If the syntax bit RE_NO_BK_REF
isn't set, then Regex recognizes
back references. A back reference matches a specified preceding group.
The back reference operator is represented by \digit
anywhere after the end of a regular expression's digit-th
group (see Grouping Operators).
digit must be between 1
and 9
. The matcher assigns
numbers 1 through 9 to the first nine groups it encounters. By using
one of \1
through \9
after the corresponding group's
close-group operator, you can match a substring identical to the
one that the group does.
Back references match according to the following (in all examples below,
(
represents the open-group, )
the close-group, {
the open-interval and }
the close-interval operator):
(a)\1
matches aa
and
(bana)na\1bo\1
matches bananabanabobana
. Likewise,
(.*)\1
matches any (newline-free if the syntax bit
RE_DOT_NEWLINE
isn't set) string that is composed of two
identical halves; the (.*)
matches the first half and the
\1
matches the second half.
((a*)b)*\1\2
matches aabababa
; first group 1 (the
outer one) matches aab
and group 2 (the inner one) matches
aa
. Then group 1 matches ab
and group 2 matches
a
. So, \1
matches ab
and \2
matches
a
.
(one()|two())-and-(three\2|four\3)
matches one-and-three
and two-and-four
, but not one-and-four
or
two-and-three
. For example, if the pattern matches
one-and-
, then its group 2 matches the empty string and its
group 3 doesn't participate in the match.
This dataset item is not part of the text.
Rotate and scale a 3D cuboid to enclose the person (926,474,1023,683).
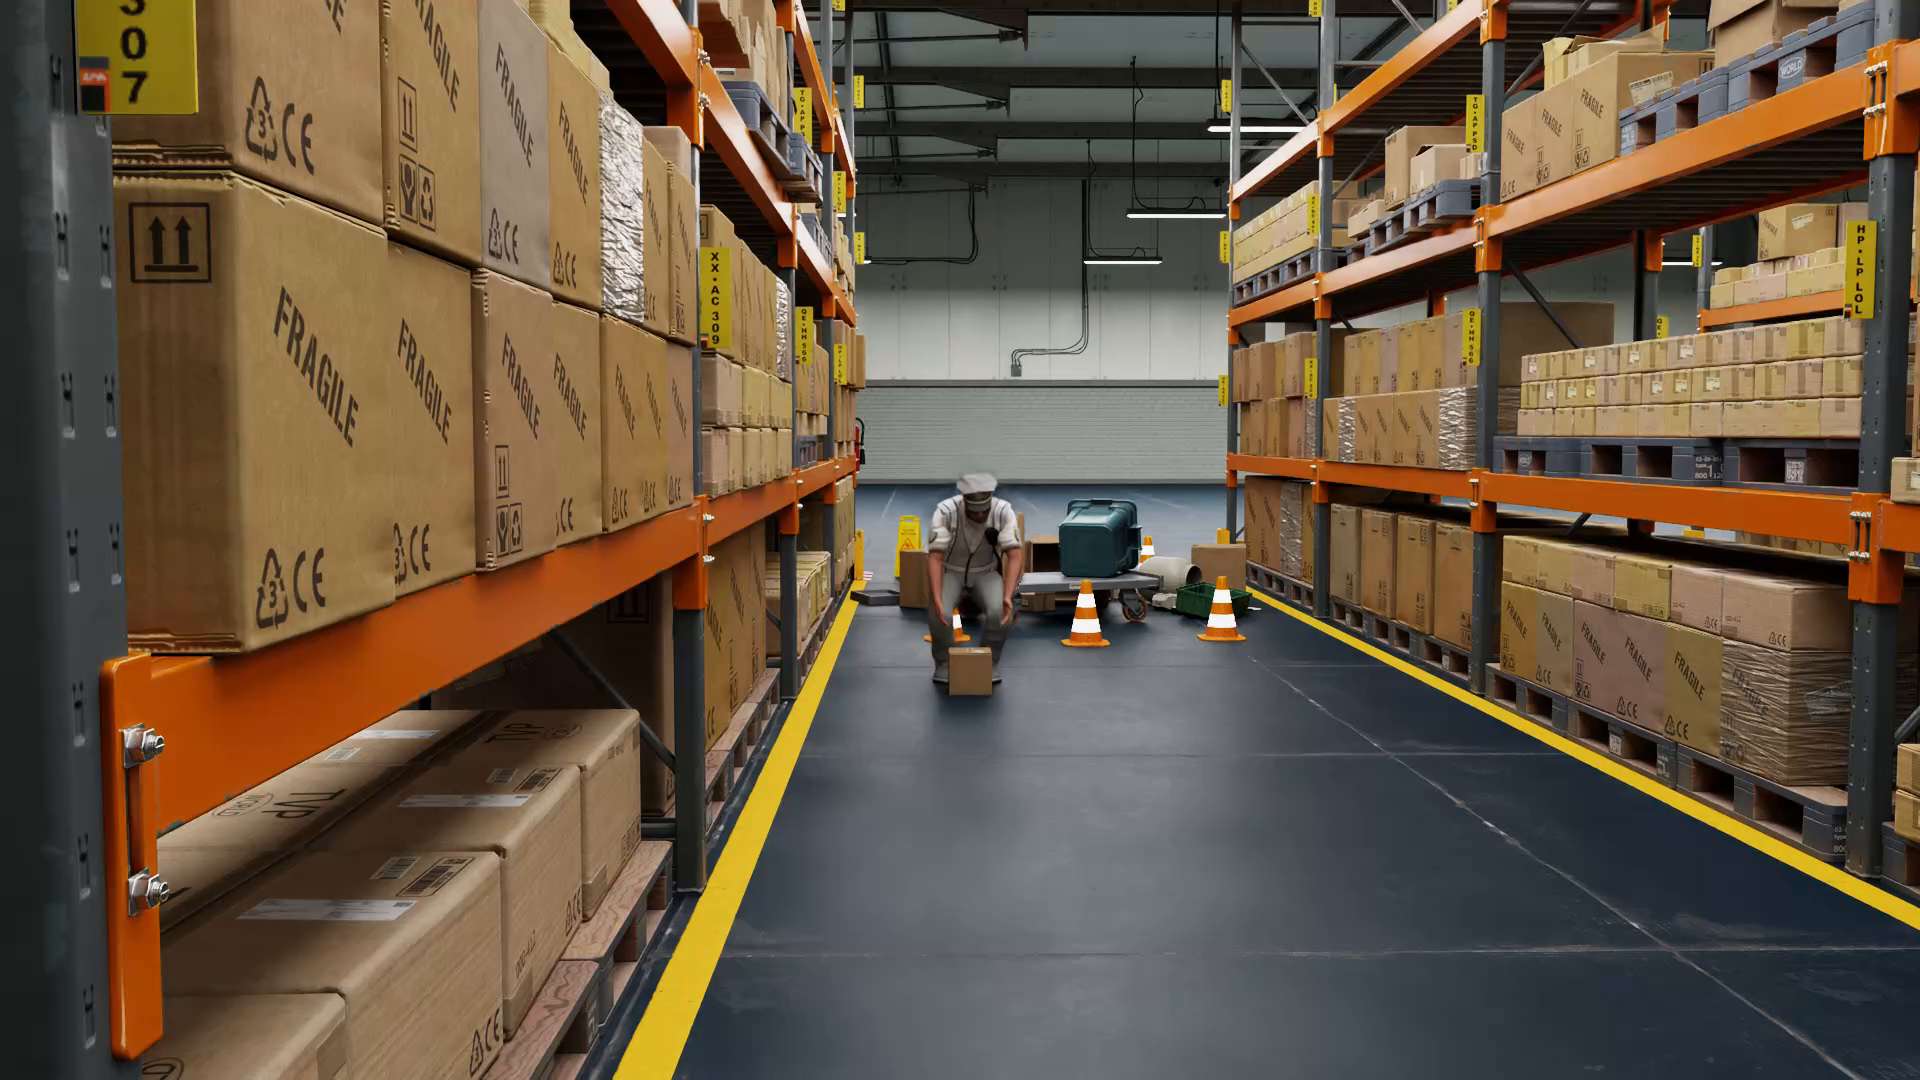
[{"bbox_3d":[0.084,0.234,10.180,0.586,1.291,0.868,0,4,-1],"label":"person"}]

So, if it then matches
four
, then when it tries to back reference group 3---which it
will attempt to do because \3
follows the four
---the match
will fail because group 3 didn't participate in the match.
You can use a back reference as an argument to a repetition operator. For
example, (a(b))\2*
matches a
followed by two or more
b
s. Similarly, (a(b))\2{3}
matches abbbb
.
If there is no preceding digit-th subexpression, the regular expression is invalid.